Data supplied>
-----
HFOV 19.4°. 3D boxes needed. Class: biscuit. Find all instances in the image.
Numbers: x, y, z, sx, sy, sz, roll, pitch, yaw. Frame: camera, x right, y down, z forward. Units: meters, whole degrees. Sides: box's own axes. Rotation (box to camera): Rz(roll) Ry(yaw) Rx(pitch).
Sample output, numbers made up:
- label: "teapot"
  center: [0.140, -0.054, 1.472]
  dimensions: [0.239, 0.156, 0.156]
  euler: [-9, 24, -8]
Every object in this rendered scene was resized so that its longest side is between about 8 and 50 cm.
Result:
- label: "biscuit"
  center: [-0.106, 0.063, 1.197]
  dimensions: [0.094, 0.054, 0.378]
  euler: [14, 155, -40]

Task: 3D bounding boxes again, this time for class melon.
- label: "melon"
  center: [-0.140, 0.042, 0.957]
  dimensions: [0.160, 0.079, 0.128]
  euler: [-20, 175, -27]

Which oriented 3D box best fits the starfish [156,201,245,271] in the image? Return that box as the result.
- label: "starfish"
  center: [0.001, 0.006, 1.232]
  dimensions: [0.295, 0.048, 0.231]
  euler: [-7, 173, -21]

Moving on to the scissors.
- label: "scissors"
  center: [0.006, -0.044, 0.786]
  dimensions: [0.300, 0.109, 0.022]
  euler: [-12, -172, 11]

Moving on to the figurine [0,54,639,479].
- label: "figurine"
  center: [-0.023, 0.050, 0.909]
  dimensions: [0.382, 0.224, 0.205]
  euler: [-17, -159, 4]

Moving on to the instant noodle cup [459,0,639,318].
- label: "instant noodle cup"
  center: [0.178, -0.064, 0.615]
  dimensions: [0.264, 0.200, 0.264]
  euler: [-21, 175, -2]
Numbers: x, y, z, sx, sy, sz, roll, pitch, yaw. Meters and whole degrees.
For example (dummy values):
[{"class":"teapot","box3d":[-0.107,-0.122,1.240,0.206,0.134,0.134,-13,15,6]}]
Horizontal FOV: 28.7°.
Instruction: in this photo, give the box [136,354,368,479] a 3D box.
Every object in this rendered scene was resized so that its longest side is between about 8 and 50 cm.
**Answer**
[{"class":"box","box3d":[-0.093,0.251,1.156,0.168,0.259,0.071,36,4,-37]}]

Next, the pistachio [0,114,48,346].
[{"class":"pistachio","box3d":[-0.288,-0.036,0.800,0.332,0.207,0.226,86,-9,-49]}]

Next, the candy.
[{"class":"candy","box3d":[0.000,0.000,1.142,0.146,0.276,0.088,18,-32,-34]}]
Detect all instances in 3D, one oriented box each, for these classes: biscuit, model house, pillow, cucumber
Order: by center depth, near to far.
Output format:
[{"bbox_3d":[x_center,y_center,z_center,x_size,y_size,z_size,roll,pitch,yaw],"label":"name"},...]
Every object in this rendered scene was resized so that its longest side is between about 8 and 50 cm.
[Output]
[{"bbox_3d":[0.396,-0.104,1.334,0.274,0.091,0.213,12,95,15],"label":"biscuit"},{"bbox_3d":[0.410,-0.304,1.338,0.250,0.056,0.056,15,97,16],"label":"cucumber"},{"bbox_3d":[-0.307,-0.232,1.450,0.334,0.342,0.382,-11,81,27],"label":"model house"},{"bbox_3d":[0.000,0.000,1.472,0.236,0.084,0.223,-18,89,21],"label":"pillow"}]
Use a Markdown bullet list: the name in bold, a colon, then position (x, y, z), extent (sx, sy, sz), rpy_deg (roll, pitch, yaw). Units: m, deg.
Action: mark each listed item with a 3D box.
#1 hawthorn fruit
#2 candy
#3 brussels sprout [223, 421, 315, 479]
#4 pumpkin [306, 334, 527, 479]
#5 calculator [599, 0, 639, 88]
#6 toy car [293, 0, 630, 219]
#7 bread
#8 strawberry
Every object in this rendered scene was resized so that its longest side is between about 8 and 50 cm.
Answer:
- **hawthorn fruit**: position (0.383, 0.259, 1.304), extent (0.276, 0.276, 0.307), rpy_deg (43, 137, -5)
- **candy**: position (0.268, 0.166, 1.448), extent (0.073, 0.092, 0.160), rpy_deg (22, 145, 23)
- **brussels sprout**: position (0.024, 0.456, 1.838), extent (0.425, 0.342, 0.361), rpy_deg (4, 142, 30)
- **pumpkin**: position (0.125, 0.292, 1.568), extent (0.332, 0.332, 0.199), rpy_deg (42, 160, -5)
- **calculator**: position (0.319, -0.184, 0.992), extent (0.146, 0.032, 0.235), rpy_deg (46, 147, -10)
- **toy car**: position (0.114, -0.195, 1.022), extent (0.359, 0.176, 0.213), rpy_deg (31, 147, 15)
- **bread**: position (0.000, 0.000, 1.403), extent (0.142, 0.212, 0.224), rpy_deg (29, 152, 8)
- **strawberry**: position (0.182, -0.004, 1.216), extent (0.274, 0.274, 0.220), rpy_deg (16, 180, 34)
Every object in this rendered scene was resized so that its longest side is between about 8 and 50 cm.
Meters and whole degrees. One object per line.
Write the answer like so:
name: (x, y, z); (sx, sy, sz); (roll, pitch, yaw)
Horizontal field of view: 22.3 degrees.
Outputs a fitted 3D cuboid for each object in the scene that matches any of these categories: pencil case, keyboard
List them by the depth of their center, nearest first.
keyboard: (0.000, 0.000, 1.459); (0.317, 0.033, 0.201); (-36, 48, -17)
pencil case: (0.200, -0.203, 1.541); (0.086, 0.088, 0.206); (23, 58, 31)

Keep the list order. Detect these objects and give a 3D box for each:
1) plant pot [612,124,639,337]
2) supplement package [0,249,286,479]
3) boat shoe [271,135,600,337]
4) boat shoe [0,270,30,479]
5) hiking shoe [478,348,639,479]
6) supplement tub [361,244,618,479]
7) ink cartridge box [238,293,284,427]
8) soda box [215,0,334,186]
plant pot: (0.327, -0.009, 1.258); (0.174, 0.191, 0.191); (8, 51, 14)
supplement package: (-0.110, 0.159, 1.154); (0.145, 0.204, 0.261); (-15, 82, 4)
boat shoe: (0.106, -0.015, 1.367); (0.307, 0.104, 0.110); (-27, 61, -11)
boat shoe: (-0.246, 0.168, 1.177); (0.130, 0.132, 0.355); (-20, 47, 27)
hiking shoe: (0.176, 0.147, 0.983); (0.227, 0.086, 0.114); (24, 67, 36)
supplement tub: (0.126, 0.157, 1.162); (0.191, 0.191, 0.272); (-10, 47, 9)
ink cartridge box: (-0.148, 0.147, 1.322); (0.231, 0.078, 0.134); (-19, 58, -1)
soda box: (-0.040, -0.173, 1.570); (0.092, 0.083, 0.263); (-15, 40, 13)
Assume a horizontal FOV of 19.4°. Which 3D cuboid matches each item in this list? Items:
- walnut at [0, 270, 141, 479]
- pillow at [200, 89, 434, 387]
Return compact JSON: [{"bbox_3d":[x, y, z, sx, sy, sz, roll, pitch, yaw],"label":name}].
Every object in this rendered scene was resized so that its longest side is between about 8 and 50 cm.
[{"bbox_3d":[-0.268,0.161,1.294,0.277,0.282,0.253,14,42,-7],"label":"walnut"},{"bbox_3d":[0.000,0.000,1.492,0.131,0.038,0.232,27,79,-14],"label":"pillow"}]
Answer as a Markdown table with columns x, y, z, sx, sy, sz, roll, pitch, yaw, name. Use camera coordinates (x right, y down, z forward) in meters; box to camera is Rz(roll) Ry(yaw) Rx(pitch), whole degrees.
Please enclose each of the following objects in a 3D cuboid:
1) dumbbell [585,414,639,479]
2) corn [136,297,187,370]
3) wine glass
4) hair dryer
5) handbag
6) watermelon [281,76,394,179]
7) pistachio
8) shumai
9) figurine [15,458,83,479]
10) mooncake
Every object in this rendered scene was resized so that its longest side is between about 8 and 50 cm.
-----
What you need to do>
Reproduce exactly the lines above from the line with "Which oriented 3D" to the line with "#5 calculator [599, 0, 639, 88]", including both, and add nothing.

Answer to this problem>
Which oriented 3D box best fits the starfish [156,201,245,271] in the image? Return that box as the result.
- label: "starfish"
  center: [0.001, 0.006, 1.232]
  dimensions: [0.295, 0.048, 0.231]
  euler: [-7, 173, -21]

Moving on to the scissors.
- label: "scissors"
  center: [0.006, -0.044, 0.786]
  dimensions: [0.300, 0.109, 0.022]
  euler: [-12, -172, 11]

Moving on to the figurine [0,54,639,479].
- label: "figurine"
  center: [-0.023, 0.050, 0.909]
  dimensions: [0.382, 0.224, 0.205]
  euler: [-17, -159, 4]

Moving on to the instant noodle cup [459,0,639,318].
- label: "instant noodle cup"
  center: [0.178, -0.064, 0.615]
  dimensions: [0.264, 0.200, 0.264]
  euler: [-21, 175, -2]
Numbers: x, y, z, sx, sy, sz, roll, pitch, yaw. Meters and whole degrees.
For example (dummy values):
[{"class":"teapot","box3d":[-0.107,-0.122,1.240,0.206,0.134,0.134,-13,15,6]}]
Horizontal FOV: 28.7°.
Instruction: in this photo, give the box [136,354,368,479] a 3D box.
Every object in this rendered scene was resized so that its longest side is between about 8 and 50 cm.
**Answer**
[{"class":"box","box3d":[-0.093,0.251,1.156,0.168,0.259,0.071,36,4,-37]}]

Next, the pistachio [0,114,48,346].
[{"class":"pistachio","box3d":[-0.288,-0.036,0.800,0.332,0.207,0.226,86,-9,-49]}]

Next, the candy.
[{"class":"candy","box3d":[0.000,0.000,1.142,0.146,0.276,0.088,18,-32,-34]}]
Detect all instances in 3D, one oriented box each, for these classes: biscuit, model house, pillow, cucumber
Order: by center depth, near to far.
Output format:
[{"bbox_3d":[x_center,y_center,z_center,x_size,y_size,z_size,roll,pitch,yaw],"label":"name"},...]
Every object in this rendered scene was resized so that its longest side is between about 8 and 50 cm.
[Output]
[{"bbox_3d":[0.396,-0.104,1.334,0.274,0.091,0.213,12,95,15],"label":"biscuit"},{"bbox_3d":[0.410,-0.304,1.338,0.250,0.056,0.056,15,97,16],"label":"cucumber"},{"bbox_3d":[-0.307,-0.232,1.450,0.334,0.342,0.382,-11,81,27],"label":"model house"},{"bbox_3d":[0.000,0.000,1.472,0.236,0.084,0.223,-18,89,21],"label":"pillow"}]
Use a Markdown bullet list: the name in bold, a colon, then position (x, y, z), extent (sx, sy, sz), rpy_deg (roll, pitch, yaw). Units: m, deg.
Action: mark each listed item with a 3D box.
#1 hawthorn fruit
#2 candy
#3 brussels sprout [223, 421, 315, 479]
#4 pumpkin [306, 334, 527, 479]
#5 calculator [599, 0, 639, 88]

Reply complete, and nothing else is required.